The earthquake that shook Haiti last week described by the United Nations (UNO) As the worst humanitarian crisis in decades, with an estimated death toll between 50,000 to 200,000 people.
The UNO says the number of casualties in Haiti due to the earthquake hit a densely populated capital, which has hindered the movement of many institutions working for disaster relief.
Meanwhile, geologists who spoke to New Scientist revealed other reasons why Haiti earthquake is so huge and warned that more powerful shocks will soon follow, because not all latent energy released in an earthquake tragedy.
If the same earthquake hit California, then the number of casualties almost certainly be lower. “Construction of a better building will save many human lives,” said Chuck DeMets, tectonic geologists from the University of Wisconsin-Madison.
A comparison with two very similar earthquakes backs up this assertion.
In 1988, the Spitak magnitude-6.9 earthquake in Armenia took more than 25,000 lives. By contrast the magnitude-7.1 Loma Prieta earthquake in California in 1989 caused only 63 deaths.

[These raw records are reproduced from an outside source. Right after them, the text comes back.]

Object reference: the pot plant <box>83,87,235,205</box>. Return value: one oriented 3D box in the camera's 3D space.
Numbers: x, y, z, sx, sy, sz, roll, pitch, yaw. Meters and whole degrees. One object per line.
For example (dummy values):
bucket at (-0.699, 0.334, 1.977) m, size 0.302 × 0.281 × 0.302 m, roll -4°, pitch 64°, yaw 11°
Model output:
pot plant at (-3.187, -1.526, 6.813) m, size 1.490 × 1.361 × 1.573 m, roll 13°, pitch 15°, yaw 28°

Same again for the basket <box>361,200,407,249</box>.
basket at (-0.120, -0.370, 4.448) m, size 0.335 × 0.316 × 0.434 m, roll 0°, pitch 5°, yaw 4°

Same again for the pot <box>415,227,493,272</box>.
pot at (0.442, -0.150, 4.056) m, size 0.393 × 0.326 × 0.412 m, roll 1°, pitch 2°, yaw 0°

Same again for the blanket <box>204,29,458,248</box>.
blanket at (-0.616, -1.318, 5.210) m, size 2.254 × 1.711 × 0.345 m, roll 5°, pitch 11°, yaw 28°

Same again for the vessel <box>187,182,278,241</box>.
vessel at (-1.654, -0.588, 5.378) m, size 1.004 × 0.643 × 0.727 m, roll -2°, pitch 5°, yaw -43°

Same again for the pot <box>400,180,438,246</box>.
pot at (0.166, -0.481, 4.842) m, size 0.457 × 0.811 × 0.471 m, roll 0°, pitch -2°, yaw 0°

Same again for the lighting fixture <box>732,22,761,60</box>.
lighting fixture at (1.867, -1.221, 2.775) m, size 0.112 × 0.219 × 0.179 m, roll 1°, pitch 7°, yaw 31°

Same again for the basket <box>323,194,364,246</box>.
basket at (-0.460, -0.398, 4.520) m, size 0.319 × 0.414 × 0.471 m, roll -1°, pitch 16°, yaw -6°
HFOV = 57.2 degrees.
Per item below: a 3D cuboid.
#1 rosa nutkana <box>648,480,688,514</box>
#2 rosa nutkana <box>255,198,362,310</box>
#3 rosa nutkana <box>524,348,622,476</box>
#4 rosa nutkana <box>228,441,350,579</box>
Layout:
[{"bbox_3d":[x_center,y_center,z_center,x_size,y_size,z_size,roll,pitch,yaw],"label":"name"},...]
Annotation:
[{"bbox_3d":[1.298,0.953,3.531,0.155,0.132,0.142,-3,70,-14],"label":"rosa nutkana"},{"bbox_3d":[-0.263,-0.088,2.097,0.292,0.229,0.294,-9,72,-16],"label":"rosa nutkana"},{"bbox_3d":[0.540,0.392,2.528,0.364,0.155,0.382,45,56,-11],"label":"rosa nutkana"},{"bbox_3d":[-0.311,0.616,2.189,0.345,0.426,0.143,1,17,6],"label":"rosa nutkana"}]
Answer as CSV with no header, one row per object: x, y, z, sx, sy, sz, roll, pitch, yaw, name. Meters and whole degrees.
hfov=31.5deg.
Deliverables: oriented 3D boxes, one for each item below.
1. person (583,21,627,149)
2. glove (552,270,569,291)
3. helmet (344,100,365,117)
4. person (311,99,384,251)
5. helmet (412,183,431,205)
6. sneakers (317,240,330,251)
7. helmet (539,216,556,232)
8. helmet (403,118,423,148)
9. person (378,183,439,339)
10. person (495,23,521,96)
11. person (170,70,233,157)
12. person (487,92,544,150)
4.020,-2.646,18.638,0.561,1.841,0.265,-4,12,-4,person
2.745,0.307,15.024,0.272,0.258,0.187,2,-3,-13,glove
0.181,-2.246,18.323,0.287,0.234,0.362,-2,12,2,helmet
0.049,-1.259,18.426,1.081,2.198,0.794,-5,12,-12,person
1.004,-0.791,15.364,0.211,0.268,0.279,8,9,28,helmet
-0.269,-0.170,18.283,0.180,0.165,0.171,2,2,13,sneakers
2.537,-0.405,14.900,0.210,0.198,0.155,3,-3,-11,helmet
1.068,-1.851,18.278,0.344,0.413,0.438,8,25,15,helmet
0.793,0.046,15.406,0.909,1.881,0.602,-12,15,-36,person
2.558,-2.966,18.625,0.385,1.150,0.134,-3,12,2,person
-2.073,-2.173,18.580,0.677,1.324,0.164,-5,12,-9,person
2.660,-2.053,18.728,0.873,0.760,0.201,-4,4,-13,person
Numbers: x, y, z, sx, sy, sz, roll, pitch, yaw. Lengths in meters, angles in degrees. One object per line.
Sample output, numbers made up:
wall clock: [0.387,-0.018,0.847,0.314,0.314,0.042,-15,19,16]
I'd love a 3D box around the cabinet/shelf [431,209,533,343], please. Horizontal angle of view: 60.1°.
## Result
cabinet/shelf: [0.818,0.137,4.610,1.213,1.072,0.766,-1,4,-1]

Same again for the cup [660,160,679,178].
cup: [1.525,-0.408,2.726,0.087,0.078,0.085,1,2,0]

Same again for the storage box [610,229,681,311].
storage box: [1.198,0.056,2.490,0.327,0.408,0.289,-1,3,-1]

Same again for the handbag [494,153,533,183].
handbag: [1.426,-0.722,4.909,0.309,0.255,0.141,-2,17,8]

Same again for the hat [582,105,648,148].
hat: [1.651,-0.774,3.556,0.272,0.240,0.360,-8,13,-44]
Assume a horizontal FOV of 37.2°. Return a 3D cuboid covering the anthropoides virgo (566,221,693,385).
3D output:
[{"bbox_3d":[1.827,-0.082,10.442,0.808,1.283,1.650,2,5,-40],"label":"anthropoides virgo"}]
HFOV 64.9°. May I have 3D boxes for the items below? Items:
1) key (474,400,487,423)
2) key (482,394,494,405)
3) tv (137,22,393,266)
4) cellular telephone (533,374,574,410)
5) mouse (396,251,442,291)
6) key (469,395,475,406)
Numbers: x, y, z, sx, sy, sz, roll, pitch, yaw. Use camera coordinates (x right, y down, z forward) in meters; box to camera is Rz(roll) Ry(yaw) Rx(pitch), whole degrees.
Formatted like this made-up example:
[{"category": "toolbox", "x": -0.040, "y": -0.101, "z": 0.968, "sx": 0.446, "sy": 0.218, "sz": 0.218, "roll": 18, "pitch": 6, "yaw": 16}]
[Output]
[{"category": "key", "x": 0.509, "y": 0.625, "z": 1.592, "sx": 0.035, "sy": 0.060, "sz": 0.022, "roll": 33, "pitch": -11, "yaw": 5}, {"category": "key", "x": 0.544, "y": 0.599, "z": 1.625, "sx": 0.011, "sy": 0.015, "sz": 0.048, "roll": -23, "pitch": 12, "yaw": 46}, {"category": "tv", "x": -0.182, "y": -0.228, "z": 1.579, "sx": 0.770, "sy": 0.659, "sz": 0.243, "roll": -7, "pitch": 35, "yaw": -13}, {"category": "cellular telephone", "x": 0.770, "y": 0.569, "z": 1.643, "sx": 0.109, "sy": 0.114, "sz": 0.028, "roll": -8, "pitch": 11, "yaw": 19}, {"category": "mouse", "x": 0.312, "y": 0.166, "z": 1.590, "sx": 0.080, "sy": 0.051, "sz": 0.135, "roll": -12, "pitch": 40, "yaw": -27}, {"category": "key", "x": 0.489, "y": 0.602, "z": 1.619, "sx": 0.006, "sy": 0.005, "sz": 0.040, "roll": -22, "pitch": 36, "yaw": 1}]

Both occurred in densely populated regions, but they had very different outcomes.
“The difference in the numbers of fatalities illustrates the huge effect that high building standards can have in saving people’s lives,” said DeMets.
The multi-storey concrete buildings that made up much of Port-au-Prince in Haiti proved to be death traps when the earthquake struck.
“The buildings were brittle and had no flexibility, breaking catastrophically when the earthquake struck,” said Ian Main, a seismologist at the University of Edinburgh, UK.